Cameron v. Teeberry Logistics, LLC

920 F. Supp. 2d 1309, 2013 WL 388428, 2013 U.S. Dist. LEXIS 14210
CourtDistrict Court, N.D. Georgia
DecidedJanuary 30, 2013
DocketCivil Action No. 3:12-cv-181-TCB
StatusPublished
Cited by3 cases

This text of 920 F. Supp. 2d 1309 (Cameron v. Teeberry Logistics, LLC) is published on Counsel Stack Legal Research, covering District Court, N.D. Georgia primary law. Counsel Stack provides free access to over 12 million legal documents including statutes, case law, regulations, and constitutions.

Bluebook
Cameron v. Teeberry Logistics, LLC, 920 F. Supp. 2d 1309, 2013 WL 388428, 2013 U.S. Dist. LEXIS 14210 (N.D. Ga. 2013).

Opinion

ORDER

TIMOTHY C. BATTEN, SR., District Judge.

This is an action for personal injuries arising from an automobile accident. Defendants Teeberry Logistics, LLC and James Parham removed this case to this Court from the State Court of Troup County, Georgia. The matter is before the Court on Plaintiff Cheryl Cameron’s motion to remand [7].

I. Background

On August 24, 2011, Cameron was injured in a vehicular collision with a tractor-trailer driven by Parham. According to Cameron, Parham negligently failed to yield the right-of-way and drove into the path of her vehicle, giving Cameron no time to stop or avoid the collision.

On November 9, 2011, Cameron filed this action in state court, asserting a negligence claim against Parham and against Parham’s employer, Teeberry Logistics, under the doctrine of respondeat superior. Cameron’s two-page complaint consists of only six paragraphs. Paragraph 4 avers, “The amount in issue is less than $50,000.00 and does not come close to exceeding $75,000.00 and this claim is not subject to removal to the United States District Court.” In her request for relief she asks that the Court “grant Plaintiff judgment against the defendants in an amount sufficient to compensate [her] for past, present and future pain, suffering, impairment, lost wages and medical expenses.”
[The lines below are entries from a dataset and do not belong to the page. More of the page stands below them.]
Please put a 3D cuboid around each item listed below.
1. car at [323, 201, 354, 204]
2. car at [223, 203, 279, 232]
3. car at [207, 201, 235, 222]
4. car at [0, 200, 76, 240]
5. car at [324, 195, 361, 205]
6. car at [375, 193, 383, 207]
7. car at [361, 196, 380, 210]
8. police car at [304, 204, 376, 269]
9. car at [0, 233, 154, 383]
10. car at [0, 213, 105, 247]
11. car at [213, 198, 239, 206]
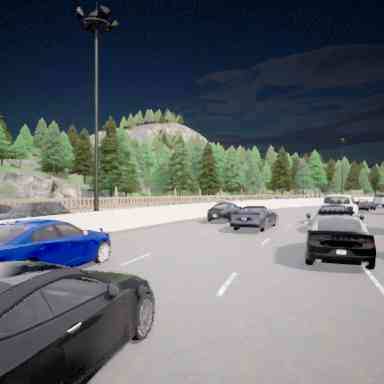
[{"bbox_3d":[8.261,1.503,19.311,1.837,1.490,4.892,0,0,26],"label":"car"},{"bbox_3d":[3.920,1.544,20.376,2.033,1.411,5.357,0,0,25],"label":"car"},{"bbox_3d":[2.700,1.522,25.638,1.812,1.442,4.674,0,0,27],"label":"car"},{"bbox_3d":[-8.642,1.349,17.871,2.097,1.767,4.553,0,0,22],"label":"car"},{"bbox_3d":[10.676,1.221,23.961,2.150,2.045,5.566,0,0,29],"label":"car"},{"bbox_3d":[27.617,1.215,47.180,5.566,2.045,2.150,0,0,-41],"label":"car"},{"bbox_3d":[20.647,1.559,39.914,1.994,1.385,4.181,0,0,43],"label":"car"},{"bbox_3d":[4.923,1.424,11.418,1.930,1.638,5.238,0,0,20],"label":"police car"},{"bbox_3d":[-1.945,1.525,3.770,1.812,1.442,4.674,0,0,14],"label":"car"},{"bbox_3d":[-4.088,1.476,9.066,1.882,1.535,5.008,0,0,17],"label":"car"},{"bbox_3d":[5.657,1.593,54.552,1.895,1.301,4.718,0,0,42],"label":"car"}]
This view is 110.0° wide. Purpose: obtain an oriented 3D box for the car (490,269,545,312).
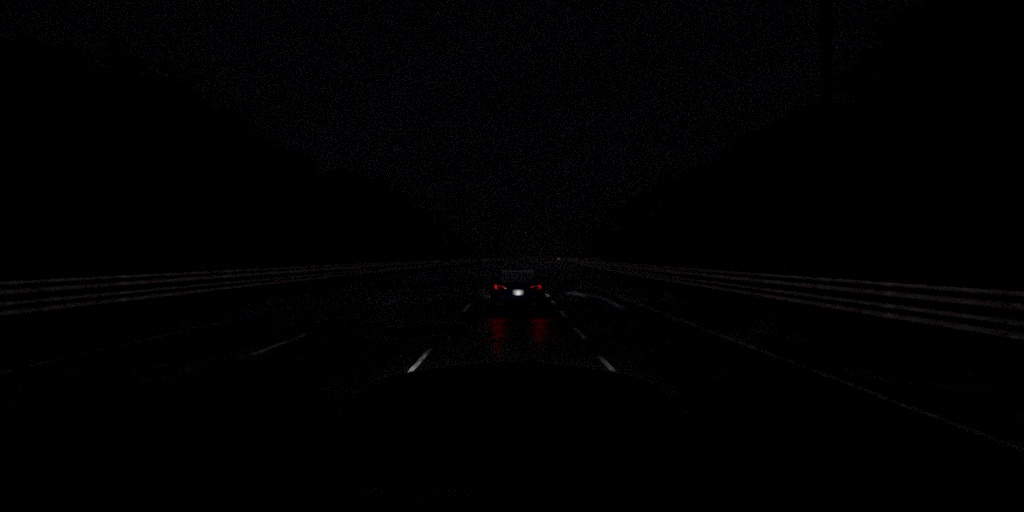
[{"bbox_3d":[0.198,1.254,14.259,2.163,1.488,4.792,0,0,0],"label":"car"}]
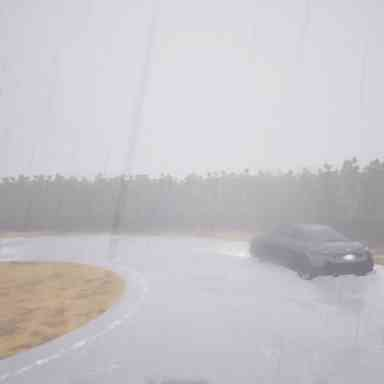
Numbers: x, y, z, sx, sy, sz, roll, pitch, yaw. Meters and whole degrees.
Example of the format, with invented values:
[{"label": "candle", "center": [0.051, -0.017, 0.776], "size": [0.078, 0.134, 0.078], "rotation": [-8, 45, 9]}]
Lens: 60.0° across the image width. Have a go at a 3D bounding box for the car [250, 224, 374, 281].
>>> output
[{"label": "car", "center": [3.470, 1.685, 10.462], "size": [1.994, 1.385, 4.181], "rotation": [0, -1, -16]}]
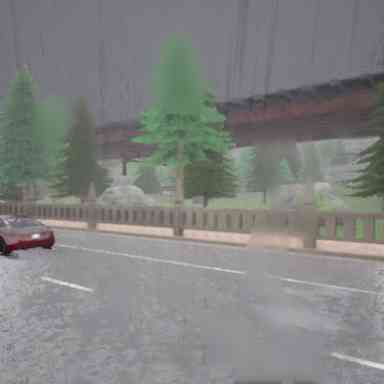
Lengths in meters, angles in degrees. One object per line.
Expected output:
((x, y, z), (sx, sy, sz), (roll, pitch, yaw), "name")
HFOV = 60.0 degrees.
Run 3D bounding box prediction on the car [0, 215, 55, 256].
((-7.478, 1.619, 13.459), (4.181, 1.385, 1.994), (0, 0, 33), "car")
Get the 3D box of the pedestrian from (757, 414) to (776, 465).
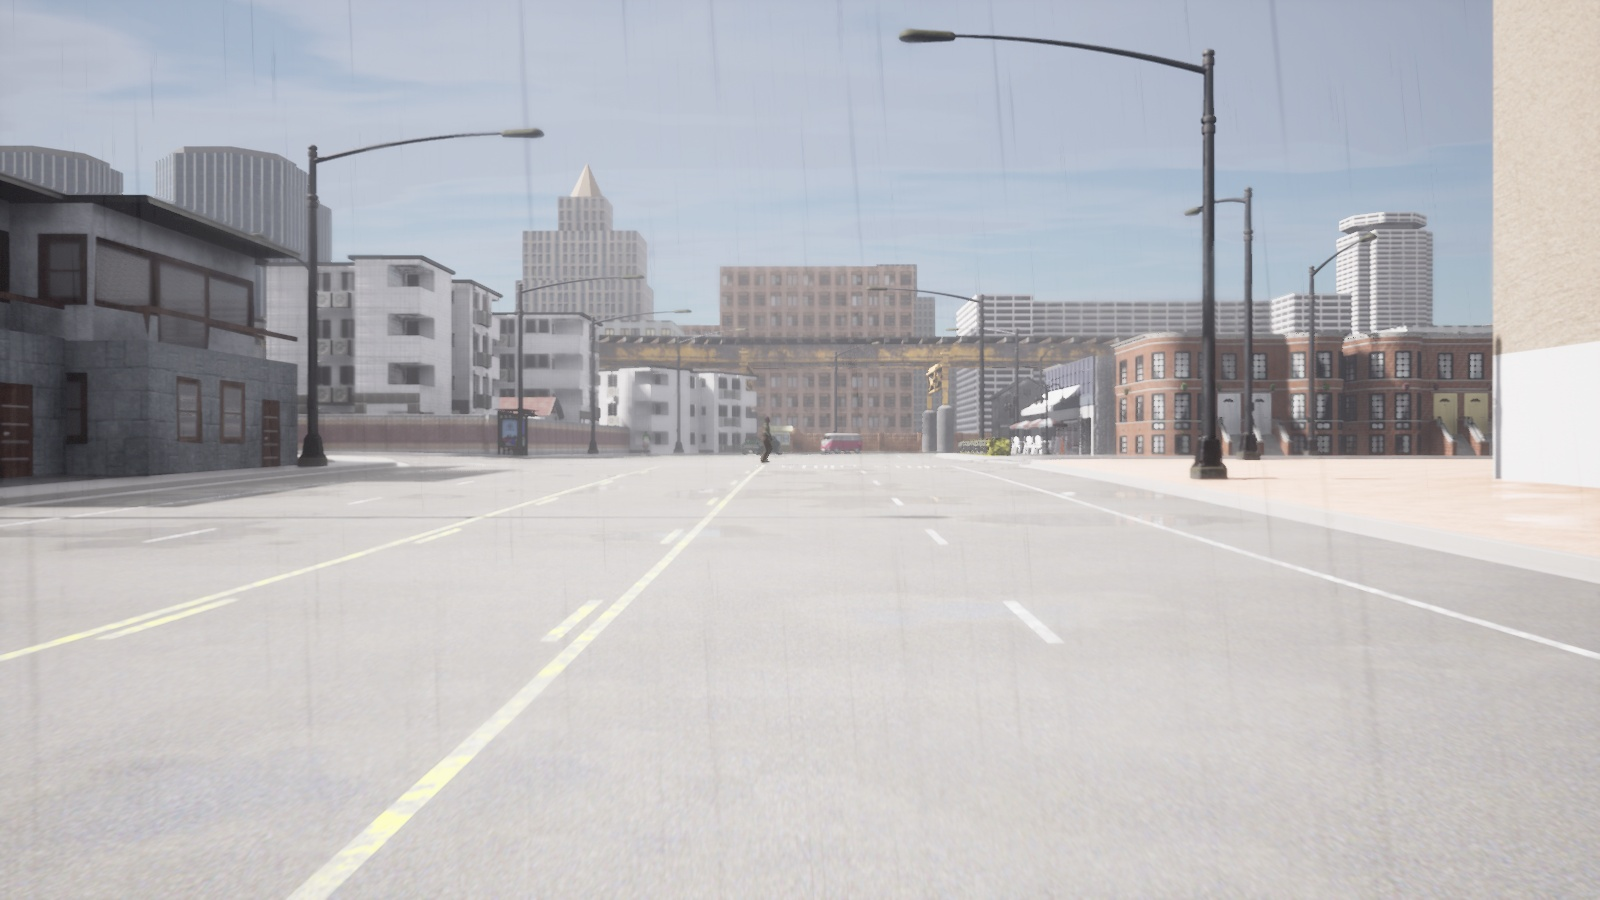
[{"bbox_3d":[-1.299,-0.405,48.624,0.692,1.930,0.395,0,0,-3],"label":"pedestrian"}]
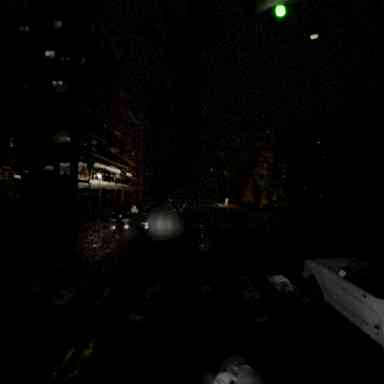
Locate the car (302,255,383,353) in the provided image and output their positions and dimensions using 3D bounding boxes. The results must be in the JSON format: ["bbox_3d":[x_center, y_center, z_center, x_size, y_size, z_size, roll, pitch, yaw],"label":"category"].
[{"bbox_3d":[3.352,1.652,5.263,1.895,1.301,4.718,0,-1,0],"label":"car"}]

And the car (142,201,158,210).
[{"bbox_3d":[-6.561,2.071,52.366,1.994,1.385,4.181,0,-1,0],"label":"car"}]

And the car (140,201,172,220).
[{"bbox_3d":[-3.339,1.850,31.687,2.033,1.411,5.357,0,-1,0],"label":"car"}]

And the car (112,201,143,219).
[{"bbox_3d":[-6.591,1.866,33.361,2.033,1.411,5.357,0,-1,0],"label":"car"}]

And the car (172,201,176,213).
[{"bbox_3d":[-3.332,1.873,41.199,1.882,1.535,5.008,0,-1,0],"label":"car"}]

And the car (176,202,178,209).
[{"bbox_3d":[-3.309,2.080,53.201,1.994,1.385,4.181,0,-1,0],"label":"car"}]
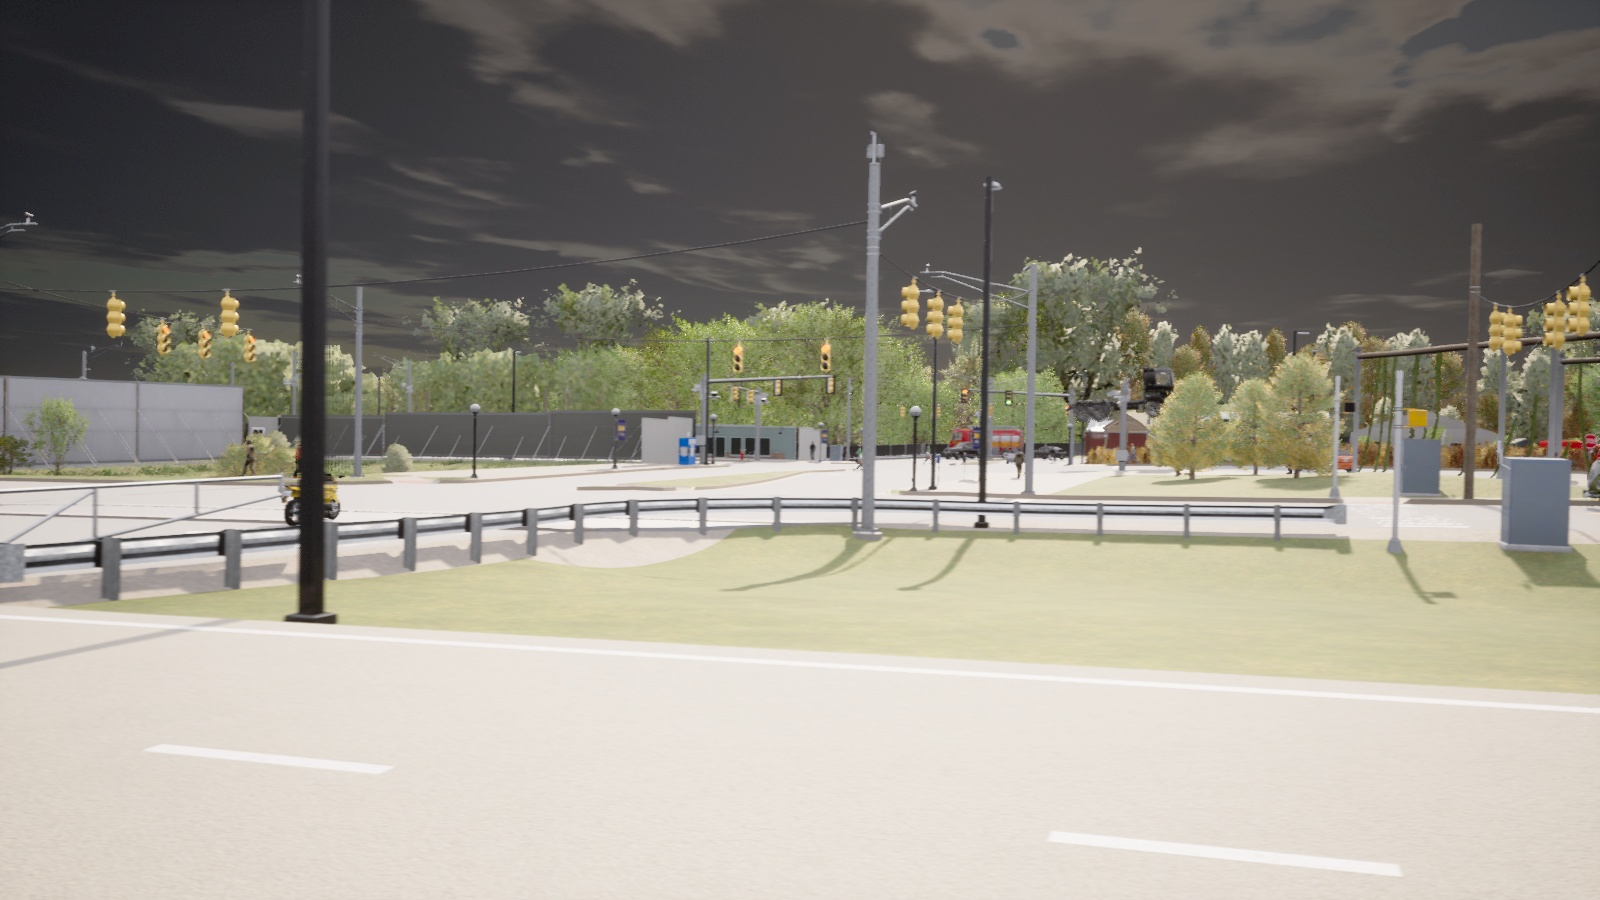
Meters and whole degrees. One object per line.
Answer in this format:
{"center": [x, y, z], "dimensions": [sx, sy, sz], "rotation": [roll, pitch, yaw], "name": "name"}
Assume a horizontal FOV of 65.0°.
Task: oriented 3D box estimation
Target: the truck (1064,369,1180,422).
{"center": [23.292, -3.941, 90.811], "dimensions": [7.936, 3.462, 2.891], "rotation": [-2, 3, 17], "name": "truck"}

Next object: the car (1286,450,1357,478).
{"center": [36.537, 0.943, 88.110], "dimensions": [2.097, 1.767, 4.553], "rotation": [0, 2, -20], "name": "car"}

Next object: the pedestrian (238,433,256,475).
{"center": [-25.765, 0.182, 58.517], "dimensions": [0.692, 1.930, 0.396], "rotation": [2, 1, 21], "name": "pedestrian"}

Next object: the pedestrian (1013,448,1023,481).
{"center": [12.653, 0.841, 72.977], "dimensions": [0.396, 1.930, 0.692], "rotation": [2, 1, 19], "name": "pedestrian"}

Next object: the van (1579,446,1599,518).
{"center": [24.715, 0.905, 35.341], "dimensions": [4.442, 1.987, 1.775], "rotation": [0, 1, 18], "name": "van"}

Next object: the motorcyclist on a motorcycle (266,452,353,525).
{"center": [-11.311, 0.858, 29.042], "dimensions": [0.797, 1.523, 2.044], "rotation": [1, 3, 16], "name": "motorcyclist on a motorcycle"}
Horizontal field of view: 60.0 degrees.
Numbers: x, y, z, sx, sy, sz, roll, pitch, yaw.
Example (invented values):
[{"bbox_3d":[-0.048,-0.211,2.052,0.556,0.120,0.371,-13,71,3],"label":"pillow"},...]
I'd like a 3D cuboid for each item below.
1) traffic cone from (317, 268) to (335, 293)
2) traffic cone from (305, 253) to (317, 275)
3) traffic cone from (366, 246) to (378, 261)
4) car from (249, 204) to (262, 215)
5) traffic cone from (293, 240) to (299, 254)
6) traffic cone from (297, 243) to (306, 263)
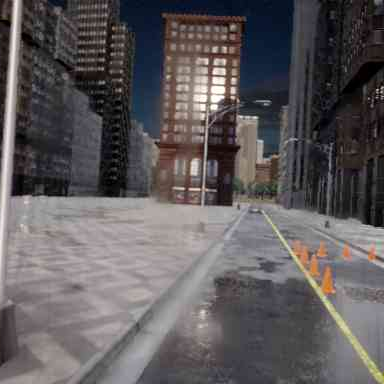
[{"bbox_3d":[3.494,2.249,8.581,0.340,0.580,0.340,3,-1,11],"label":"traffic cone"},{"bbox_3d":[3.862,2.292,10.547,0.340,0.580,0.340,3,-1,11],"label":"traffic cone"},{"bbox_3d":[7.545,2.540,13.921,0.340,0.580,0.340,3,-1,11],"label":"traffic cone"},{"bbox_3d":[9.960,2.704,52.245,2.128,1.511,4.902,3,-1,11],"label":"car"},{"bbox_3d":[4.600,2.379,14.477,0.340,0.580,0.340,3,-1,11],"label":"traffic cone"},{"bbox_3d":[4.232,2.335,12.512,0.340,0.580,0.340,3,-1,11],"label":"traffic cone"}]

The parties commenced discovery in state court. On May 31, 2012, Cameron served a third supplementation to Defendants’ discovery requests in which she provided Defendants with work excuse disability slips from November 26, 2011 through the date of the supplementation and attached an inventory of medical expenses totaling $62,432.45. Subsequently, she sent Defendants a July 9, 2012 physician consult in which her doctor recommended and scheduled a back surgery for her; the consult did not include any estimate of the cost of the surgery. On August 9, 2012, Cameron sent Defendants a fifth supplementation to their discovery re[1311]*1311quests, this time stating that her medical expenses were $91,413.75.

At no point did Cameron amend her complaint to aver that the amount in controversy had changed. However, on November 13, 2012, Cameron’s counsel sent Defendants a time-limited demand letter seeking to settle the case for $575,000. The letter explained, “With close to $150,000.00 in special damages; 12 epidural injections; a discogram; and a 2-part surgery, we believe the jury will evaluate this case very highly.” The parties mediated this case on December 11, 2012. At mediation, Cameron never presented a demand below $75,000. The mediation was unsuccessful.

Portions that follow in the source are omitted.